Absolutely, mind-bendingly, incurably miserable. Janet is dead and Jack O'Neill might as well be dead and Daniel has just been accumulating losses and at some point he'll just have to crack and Teal'c is having an identity crisis and Airman Parker just lost his father to cancer and Lieutenant Patterson is suffering from a mental breakdown and according to Mackenzie will never go back to the field, even when they start sending teams through the Gate again. And the Stargate, the beautiful betrayer, gateway to the heavens, thief of lovers, friends, lives, stands silent and immobile, iris sealed over her gaping cavern, watched by a few bored airmen.

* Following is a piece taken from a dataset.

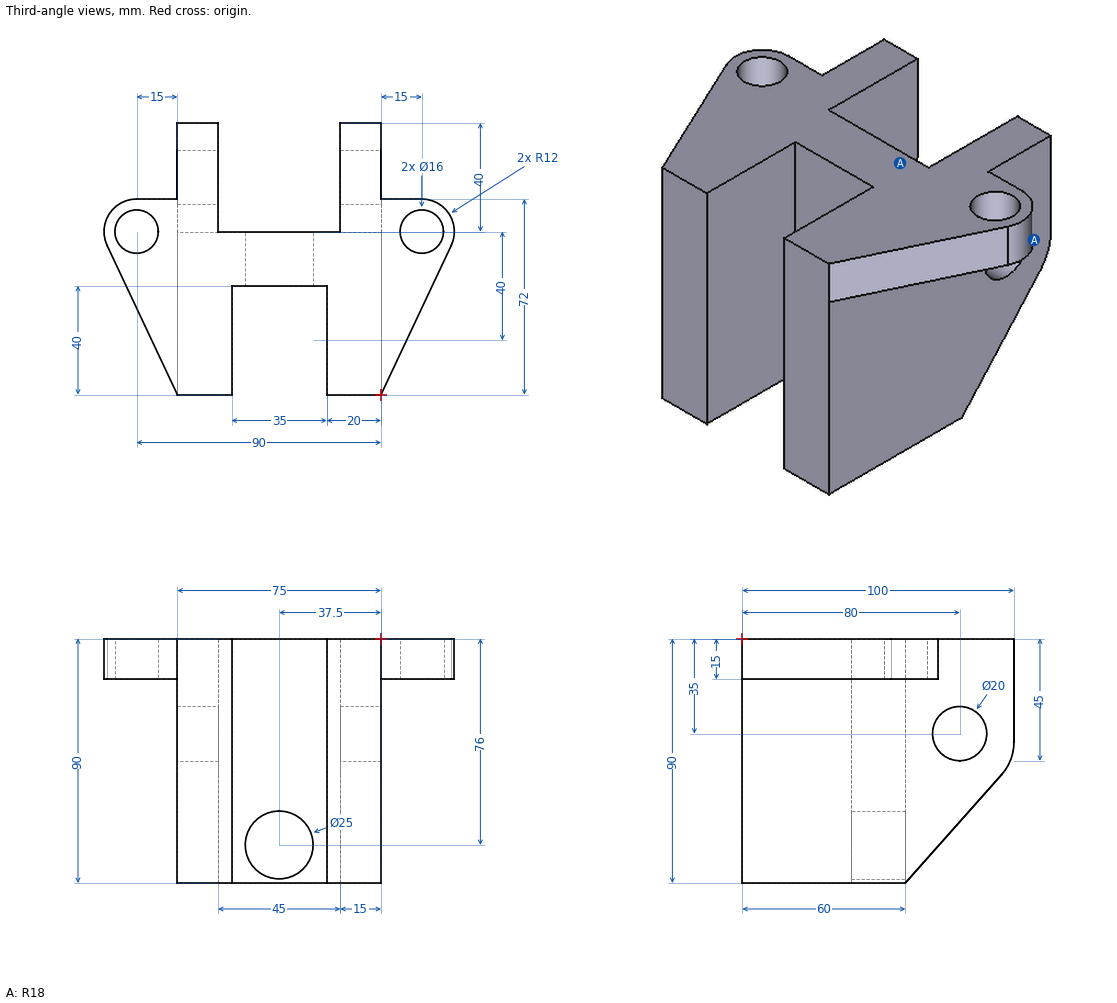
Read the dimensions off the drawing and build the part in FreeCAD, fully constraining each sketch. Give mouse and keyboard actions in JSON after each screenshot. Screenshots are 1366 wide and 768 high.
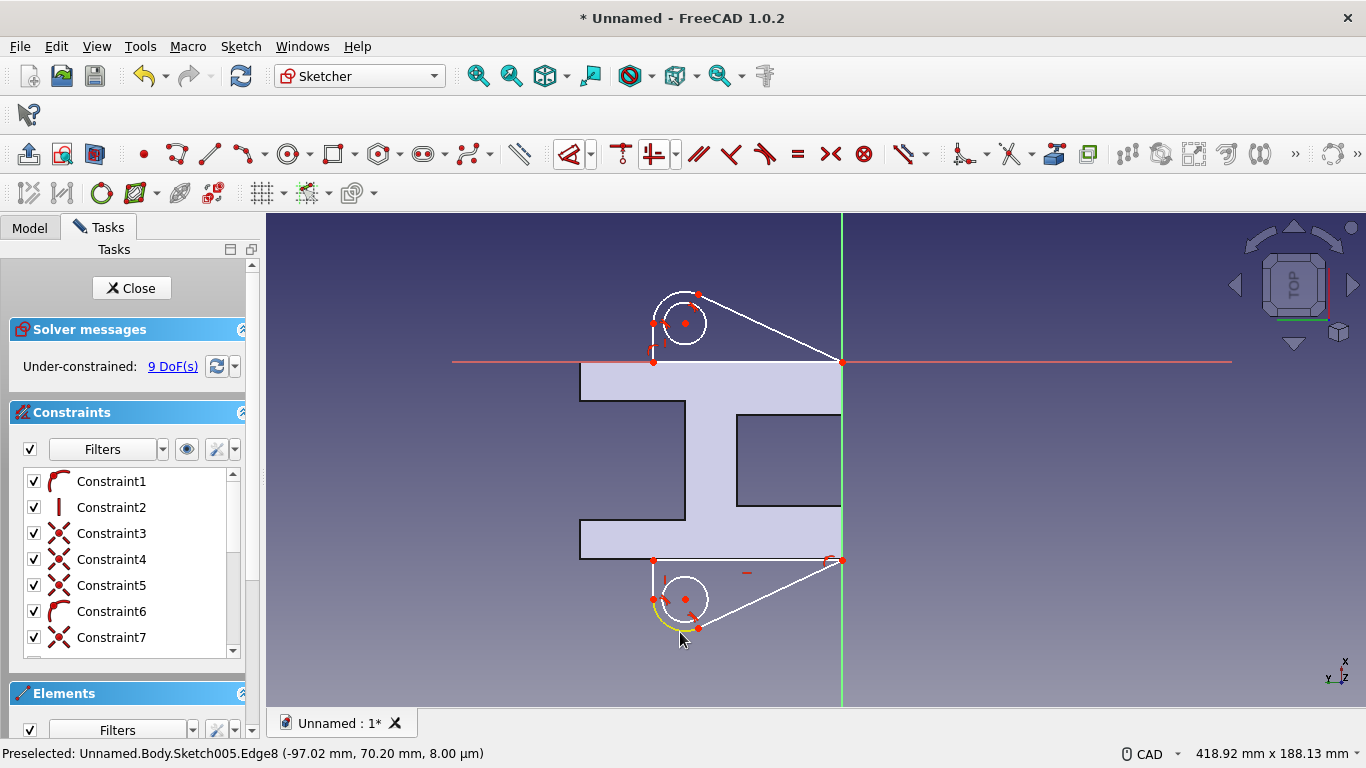
{"action": "scroll", "coordinate": [680, 292], "scroll_direction": "up", "scroll_amount": 2}

Sam turns down the tab on her zipper. Somehow, even though she is only wearing beige slacks and a white cotton bra and is so far out of her home territory that she might as well be on another planet, Weir looks like she's in control, and Sam is jealous, because even though she is fully dressed, she is not in charge of this situation. Tactically, she has just made a terrible blunder, lost territory to the enemy. The enemy is everyone else, everyone who isn't SGC, who isn't part of her family.

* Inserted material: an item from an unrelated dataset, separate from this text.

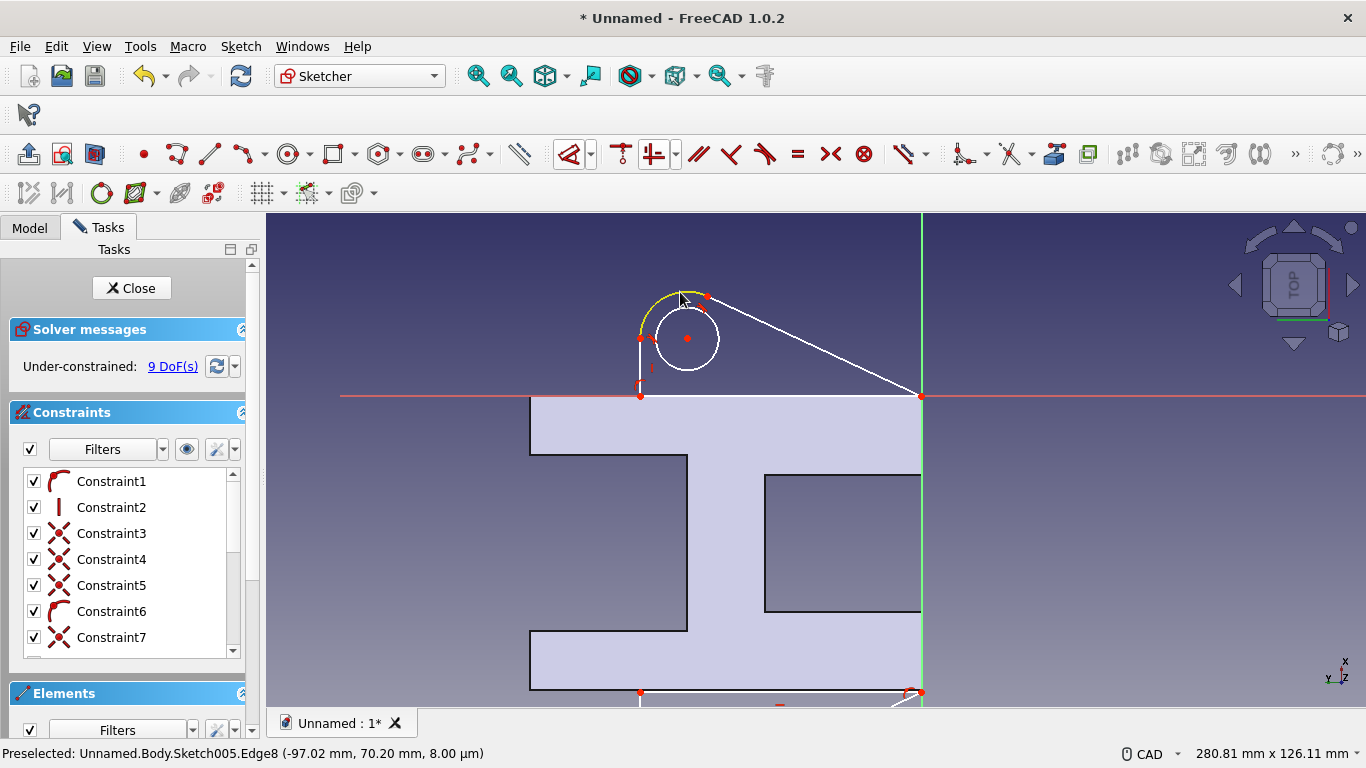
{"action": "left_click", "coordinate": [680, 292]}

She finds a rain slicker folded up in the bottom of a filing cabinet and doesn't question who put it there. Serendipity works mysteriously at the SGC, just as the rules that apply to the rest of the Air Force don't seem to have jurisdiction here, while there are unwritten codes of etiquette that wouldn't make sense at any other command. She wouldn't be surprised if the rules of physics she has discovered and outlined and annotated here don't even apply in the outside world. She brings the rain slicker to Weir, hands it to her without a word.
Somehow, Weir manages decorum, regality even, wearing a yellow rain slicker that's a size too big for her and carrying her omnipresent clipboard. Impulsively, Sam kisses her again, feels a slight twinge in the area of her groin. It's been so long since she's been fucked properly, she's not sure she's even capable of the proper responses. She considers trying to explain this to Weir, but the look on her face is one of distant dignity. She lets Weir leave first, stays to examine the newly formed potshards on the dusty floor. She wonders if Daniel will be upset, and hopes he will be. She hasn't seen him in awhile.
"You're all welcome to take some paid leave while things get straightened out."
"Thank you, ma'am," from Sam, silence from Teal'c, and, "Thanks, I think I will," from Daniel.
Sam has been on pins and needles, waiting for something to happen, for someone to say something, for Hammond or O'Neill or Weir to tell her to pull herself together, but no one has said anything, and now she's sitting on the floor of this abandoned storage room, biting back tears, because she doesn't know how to deal with it anymore, doesn't know how to raise Cassie and mourn Janet and calculate planetary alignment and command SG-1, how to be a friend and a soldier and a woman and dammit, she needs to stop feeling sorry for herself and taking stupid risks.
If only she could stop thinking for a minute.